Singapore’s Temasek, Saudi PIF take contrarian view on China, raise bets on consumer stocks as other foreign investors flee

Two of the world’s biggest state owned investors have poured money into China’s consumption stocks during the third quarter, raising their bets on transformation of the world’s second largest economy at a time when Western investors are retreating over growth concerns and amid an intensifying property crisis.

Saudi Arabia’s Public Investment Fund (PIF) boosted its stake in PDD Holdings by 45 per cent to 1.7 million shares in one the biggest adjustment to its US$36.5 billion equity portfolio last quarter, its latest 13F filing with the Securities and Exchange Commission showed.

The sovereign wealth fund also increased its holding in drug maker BeiGene by 12 per cent, and maintained its position in Alibaba Group after bulking up its stake in the June quarter.

Meanwhile, Singapore’s Temasek Holdings bumped up its holdings in JD.com by 11 per cent to 3.9 million share and increased its long position in KraneShares CSI China internet ETF by 45 per cent. The ETF gives exposure to companies benefiting from increasing domestic consumption by China’s growing middle class. It left its positions unchanged in six other Chinese companies including Alibaba and Yum China Holdings, according to its 13F filing.

Pedestrians in the Sanlituan area of Beijing, China, on Saturday, Oct. 28, 2023. China’s stock turnover rose above 1 trillion yuan ($136 billion) Oct. 30 for the first time in about two months, in a sign that trading appetite is returning after policymakers took more steps to boost demand. Photo: Bloomberg

“Consumption is a solid China story compared with other sectors,” said Gary Ng, senior economist at Natixis Corporate and Investment Bank. The recovery has remained steadfast this year and the outlook for consumer-focused companies is still promising, he added.

Chinese sovereign wealth fund buys ETFs to shore up flagging stock market

The bullish view taken by PIF and Temasek contrasts with those of other foreign investors as global funds have pulled 172 billion yuan (US$23.5 billion) from the mainland stock markets between August and October, the biggest exodus on record.
Even Bridgewater, the world’s biggest hedge fund founded by long-time China bull Ray Dalio, turned more bearish and sold down about a third of its Chinese stocks holdings in the third quarter amid growth concerns and elevated “international political risks”.

The Saudi and Singaporean sovereign funds have timed their bets to coincide with market dips and low valuations. The MSCI China has dropped 3 per cent last quarter, logging the weakest performance among major global indices, while index constituents’ forward 12-month earnings of 11.7 times is at the lowest since 2018, according to Bloomberg data.

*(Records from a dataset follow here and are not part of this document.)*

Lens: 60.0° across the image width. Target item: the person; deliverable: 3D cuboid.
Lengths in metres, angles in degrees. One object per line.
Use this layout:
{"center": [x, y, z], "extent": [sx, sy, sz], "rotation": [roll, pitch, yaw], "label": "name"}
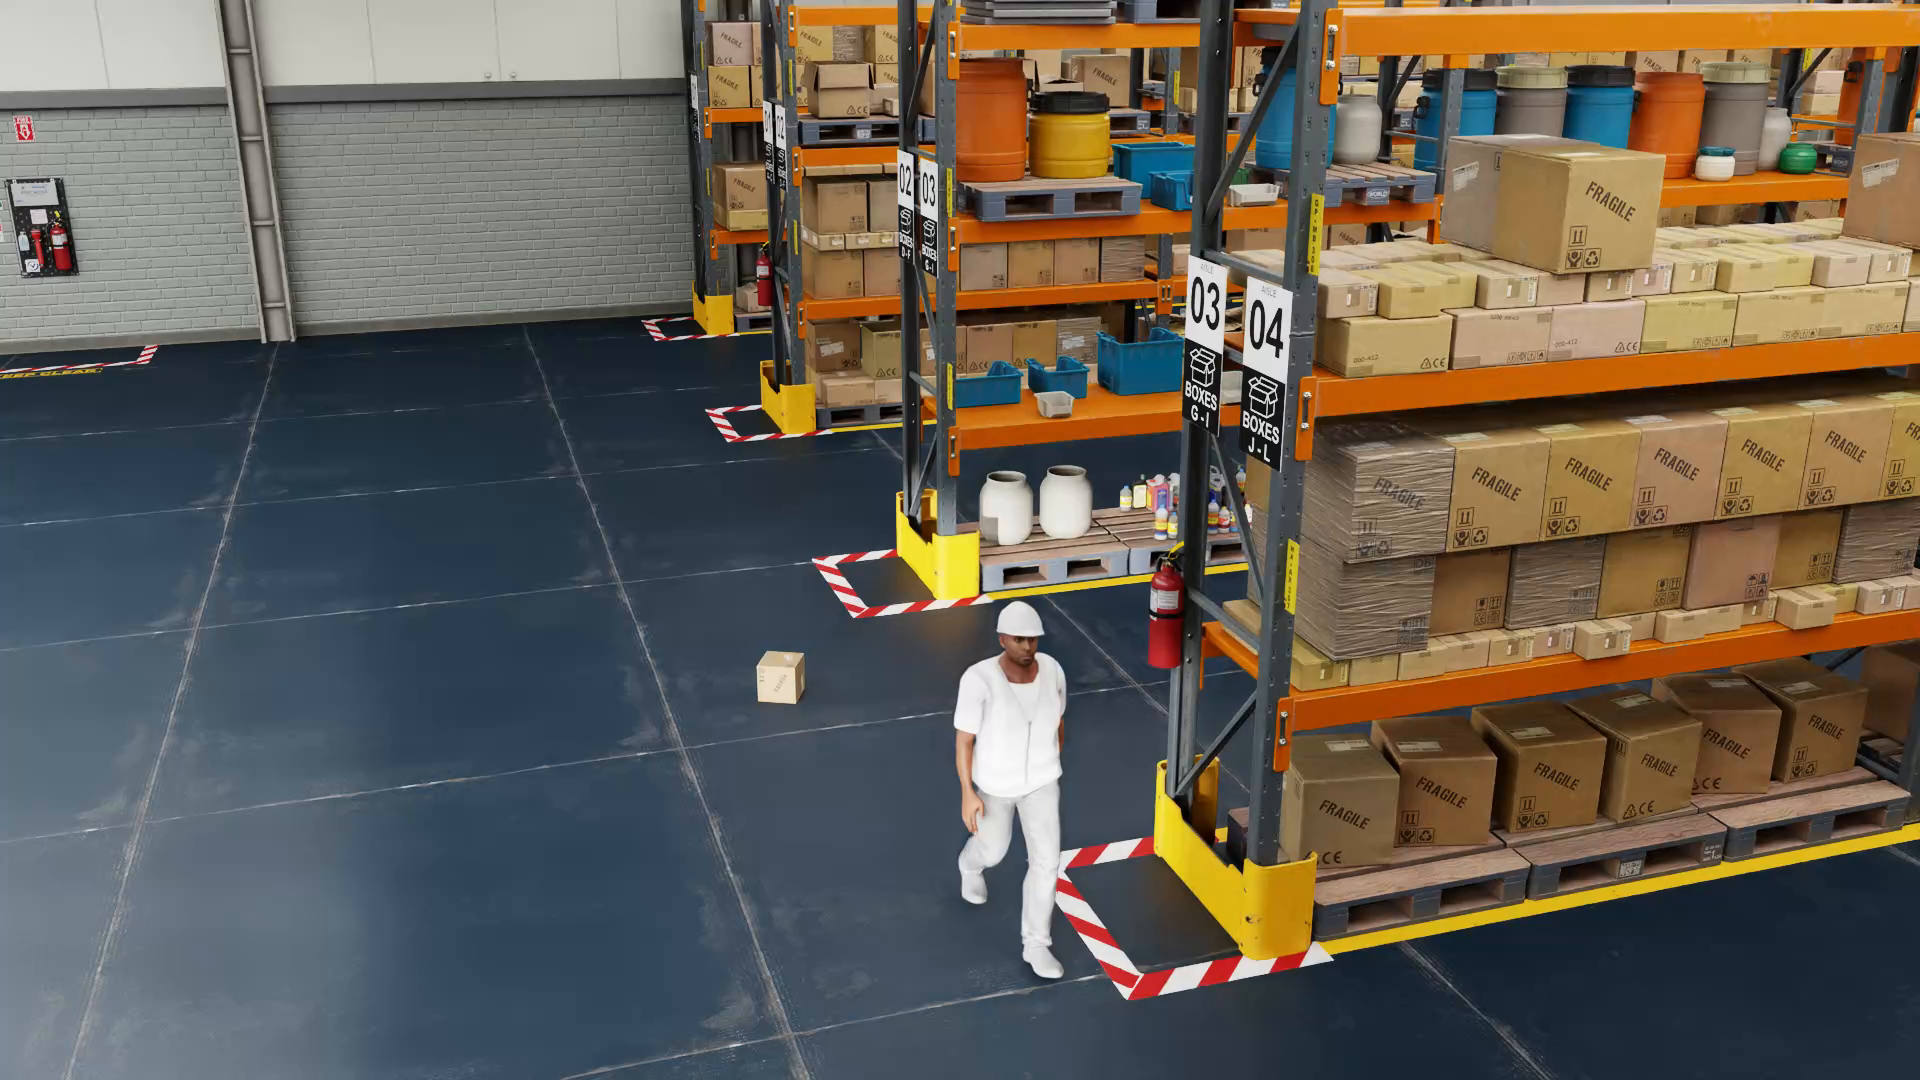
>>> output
{"center": [0.241, 1.108, 7.827], "extent": [0.581, 1.733, 0.963], "rotation": [-6, 20, -17], "label": "person"}
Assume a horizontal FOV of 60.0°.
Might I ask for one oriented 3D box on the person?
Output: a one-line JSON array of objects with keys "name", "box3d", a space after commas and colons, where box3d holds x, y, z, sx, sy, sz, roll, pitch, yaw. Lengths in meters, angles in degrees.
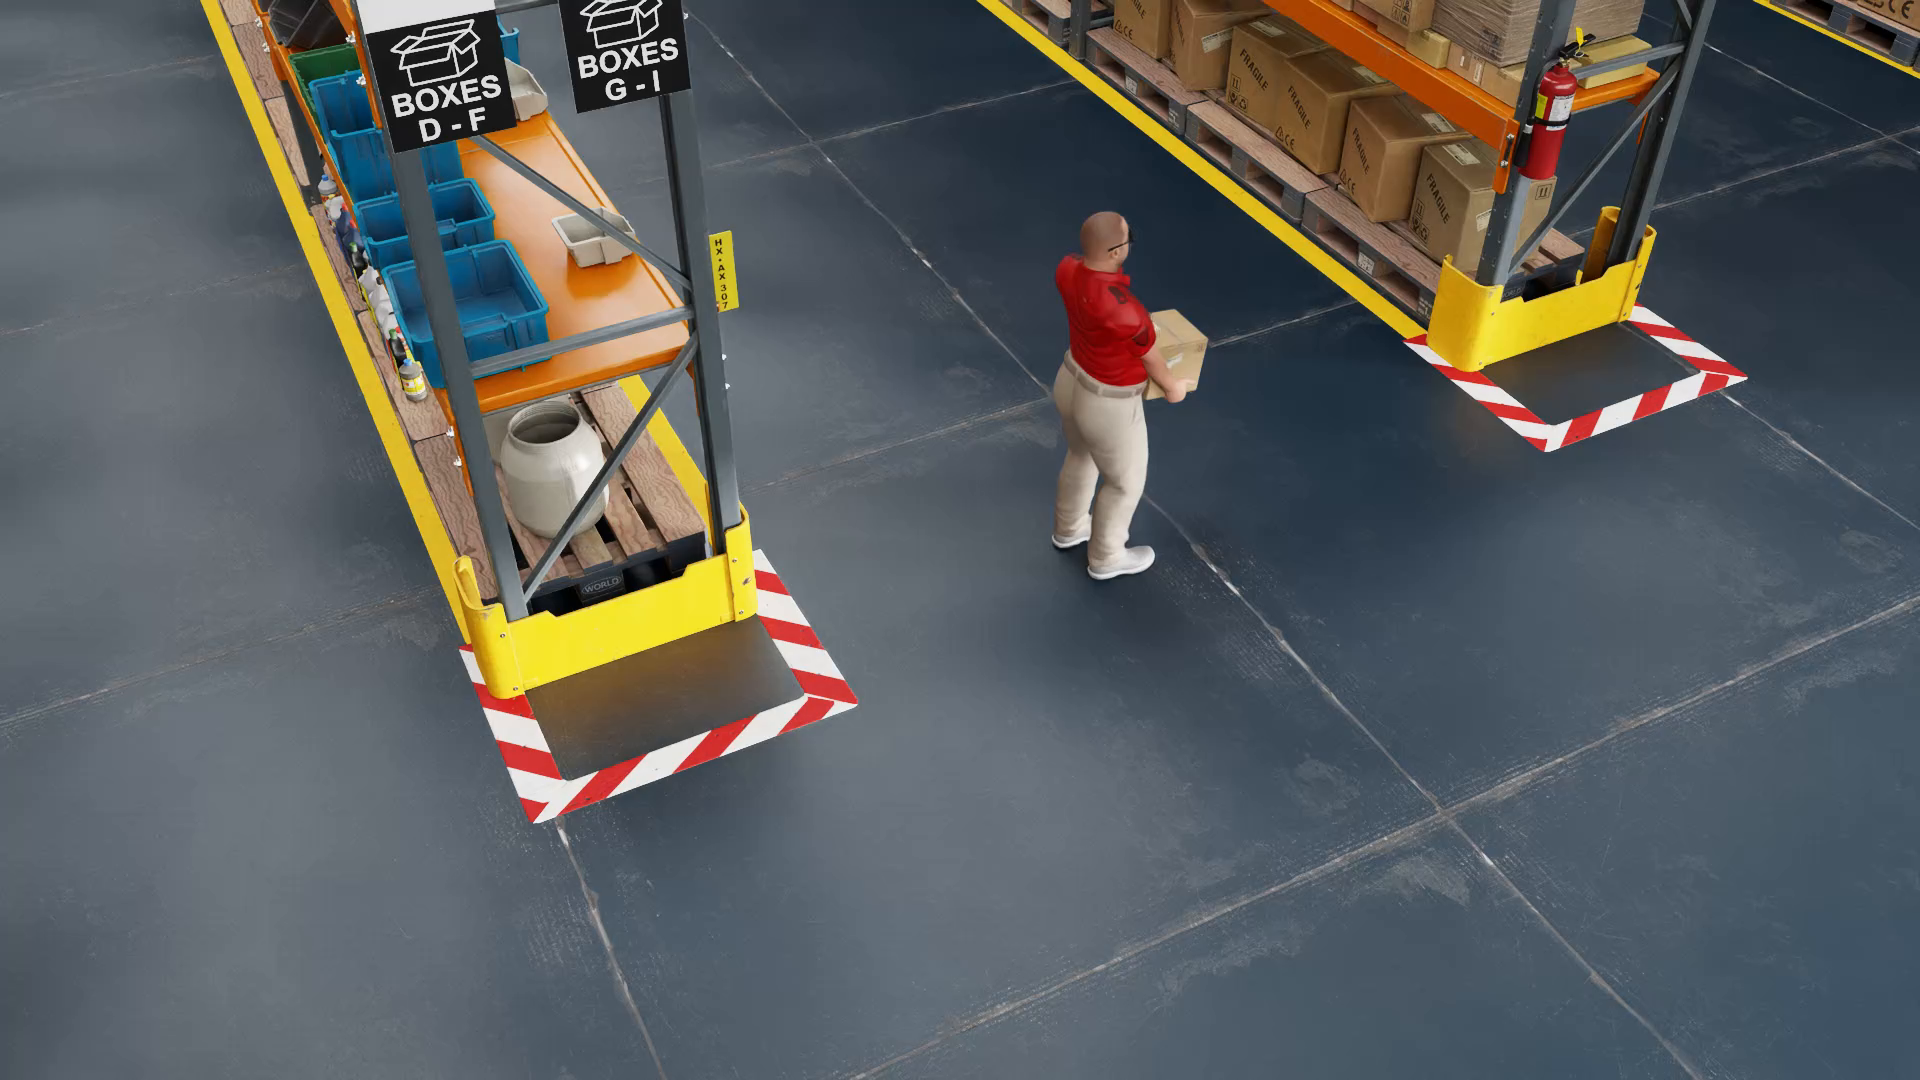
[{"name": "person", "box3d": [0.662, -0.615, 6.887, 0.541, 1.724, 0.490, -19, 44, -20]}]

Analysts have also turned more optimistic about major e-commerce platform operators. Alibaba’s positive growth was partly due to its successful investments in small and medium-sized merchants, while JD’s leadership in home appliances grew, Charlene Liu, head of internet and gaming research at HSBC said in a note on Tuesday.

Bloomberg’s consensus 12-month targets for Alibaba and JD.com’s US-listed shares stand at US$137.02 and US$45.11, respectively, representing a 63 to 69 per cent upside from the current levels.

Consumption patterns in China are set to benefit Pinduoduo, according to John Choi, analyst at Daiwa Capital Markets in Hong Kong. “As consumers become more rational and price-sensitive compared to last year, we expect PDD to further gain market share over 2023 to 2025,” he wrote in a note to clients last week.